6. Re:Aarghhhh by ZeroExistenZ · 2010-02-26 00:52 · Score: 5, Insightful
  
  They don't understand any of the implications of what they are doing and only know how to take results from a database and display it in a nice looking web page.
  Well, there are many like that, and in essence that's webdevelopment, right?
  Consider an application where you can control the logical flow, you need to know your basic language and your GUI's behave the way you expect. Done.
  Now, for being a webdeveloper you need to know HTML, XHTML, CSS, JavaScript, PHP, MySQL, MS SQL, .NET (preferably working knowledge of 3.5 and playing around with WCF/WPF), AJAX-concepts and implementation, various toolkits and libraries in place, XML, XSLT, JSON, WebServices, COM+ interaction, and need strong afinity around security concepts and be aware of injection methods, sniffing, current state of hashing algorithms, make sense of server technology and scaling (if your server is in fumes, you need to kickstart it) so that extends to IIS, Apache. If you're going more the el cheapo/opensource approach, it's mostly a box running Apache, MySQL and PHP (for which you need to subtle differences through different releases) often Mediawiki too, so you'll need to find your way around a Linux station and often are deploying and setting up such a box ad hoc as well... It adds up quite fast if you've consulted a bit and in each environment encounter different setups, architectures and approaches.
  "Web development" has gotten pretty involving to get the pretty display, for which there isn't really a good methodology anymore as the web has evolved in such a way the "hypertext markup" combined with "style sheets" sortof feels dated. (that's why you have XAML, Flash, Flex, .. trying to solve the problem adding to complexity).
  I do agree; webdev is pulling data and storing data while showing it in a pretty way, modify the page based on that and have a fluid user experience. However, those lasts are pretty difficult if there's a clear idea about the result and you need to depend on external parties (IE bugs, FF bugs, toolkits bugs, API frameworks with bugs, ...) to get your thing done.
  I think webdevs are the gluers between all these frameworks and layers, there's maybe not much writing logic, but trying to make sense of the mess and compiling and stringing very specific technologies (legacy or hyped new) together in order to have a functional and pleasing result.
  It's odd to me that there's a general looking down on webdevelopers, not just from non-techies, but also from techies whoe feel their work is "so much more significant" because "they have to think more and aren't a code monkey", yet wouldn't survive in an unstructured choatic environment where you have to think on your feet and act quick when things fall out and can't have flow in a straight line (say "I'll write function x and y today, and nobody will bother me all day while I do so") but are constantly interrupted or required to take some action, asap and efficient, while you're juggling a dosen projects, maintaining another handful and are trying to please clients. Plus ofcourse, get new projects worked out, writing analyses and following up/leading communication of 3rd parties in order "to hook up that webservice the client wanted to implement" and god knows what.
  But yes, it's just displaying stuff on a page, right? I can show you complex systems (webbased stockmarket software fe.) which makes your head spin and cry in desperation (I've seen some break up and give up on the legacy mess), yet it's all "just showing data in pretty boxes" and "pulling it from a datasource" (stock market floor) and "saving it" (processing orders with business rules and automating processing of orders all within legal limitations) all to meticious specification of the clients, all with their own perculior wishes?

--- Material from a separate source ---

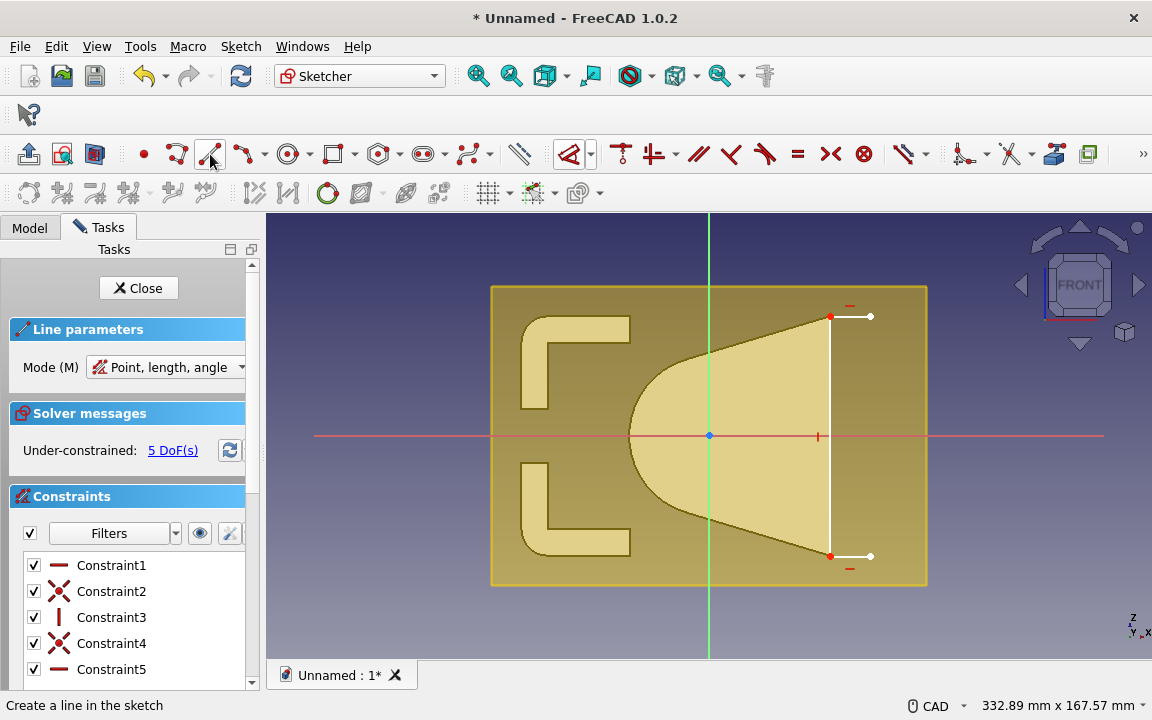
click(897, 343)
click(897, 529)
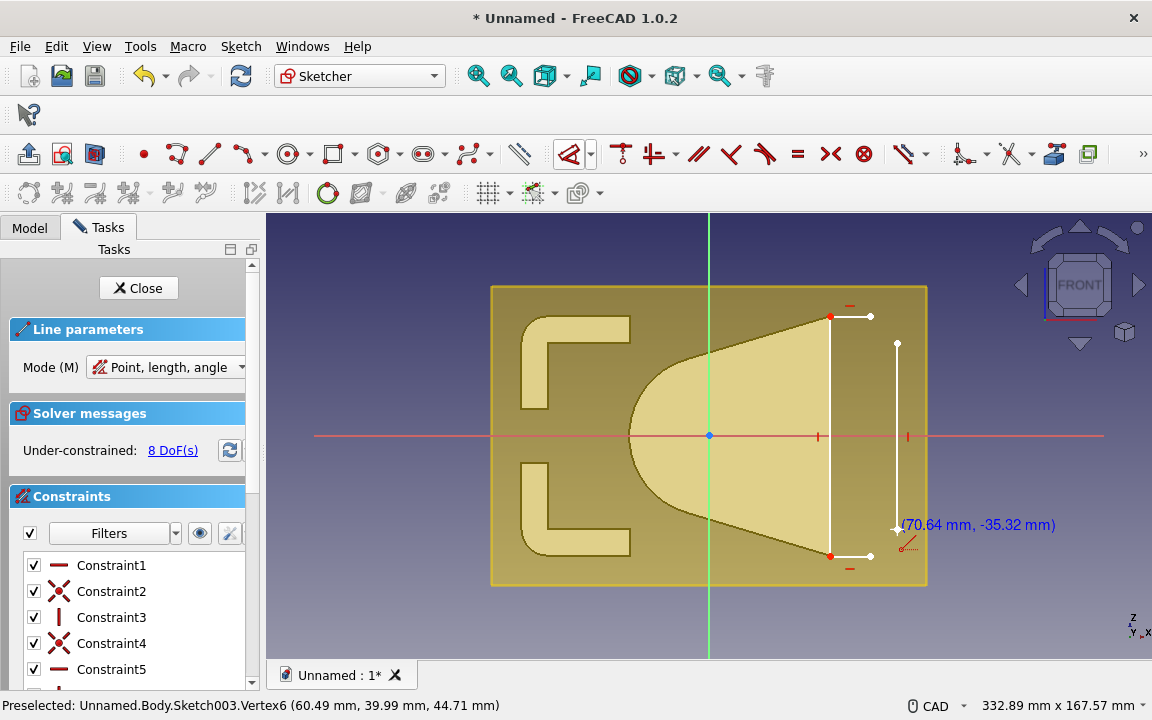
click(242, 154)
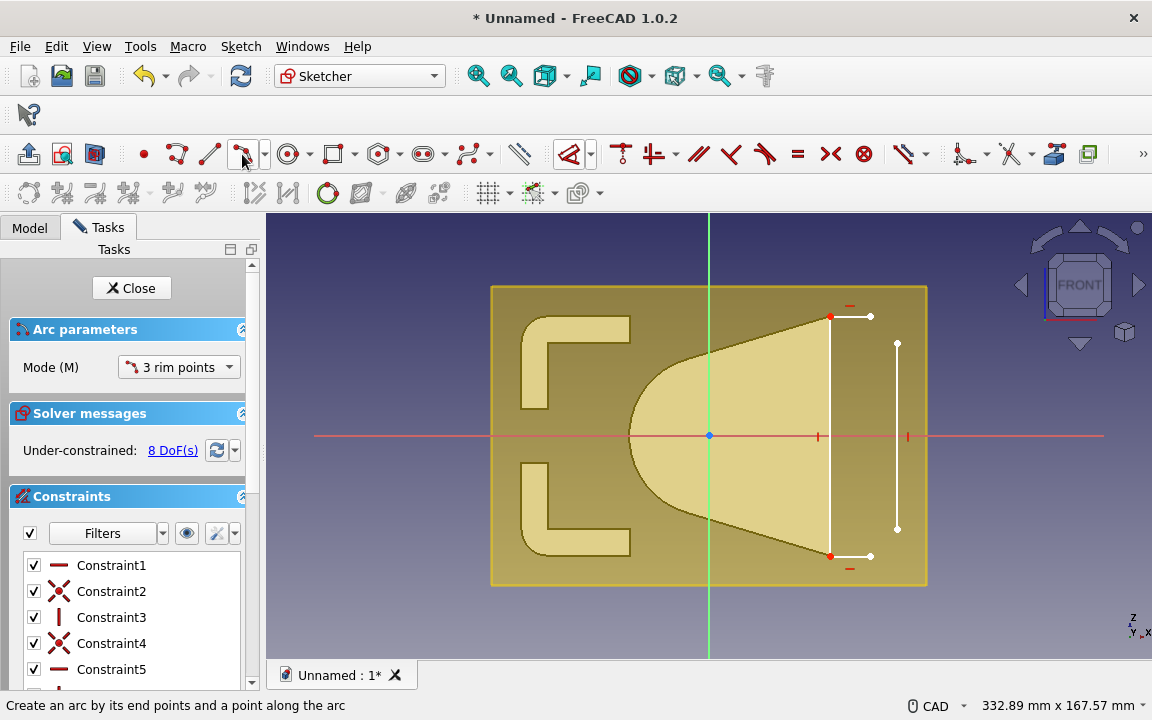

  "But they are the lazy programmers and we don't know what the hell they are doing, but they have no concept of the implications of their work, sir.". Put
  
  --
  I think we can keep recursing like this until someone returns 1
7. Re:Aarghhhh by gmack · 2010-02-26 01:07 · Score: 4, Insightful
  
  The problem is not the web devs it's the managers who didn't realize they need both a programmer and a webdev.
  They are very different functions. If you have only webdevs you tend towards the sort of security mess we are seeing here. If you have only programmers you end up with a site that is butt ugly and useless from a user interface perspective.
  Your stock market display software is a good example of a case where the entire project will fall apart unless you have programmers who can move the data efficiently and securely and then some skilled webdevs to handle the user interface work.
8. Re:Aarghhhh by ZeroExistenZ · 2010-02-26 01:15 · Score: 4, Interesting
  
  If you have only webdevs you tend towards the sort of security mess we are seeing here. If you have only programmers you end up with a site that is butt ugly and useless from a user interface perspective.
  This is a very valid point, yet "programmer" and "webdev" is often seen as very closely related with a blurry line; in my experience a "webdev" is a programmer who's proficient with webtechnologies, but usually has a blind spot for design. (or the inability to be visually creative and create pretty interfaces, but might be brilliant with logical creativy and finding solutions). The agencies I've worked for had the design part done by "designers" who drew a few designs, shook hands on one and had a "webdev" implement it. They never touched the websites, just sliced up images when they were done.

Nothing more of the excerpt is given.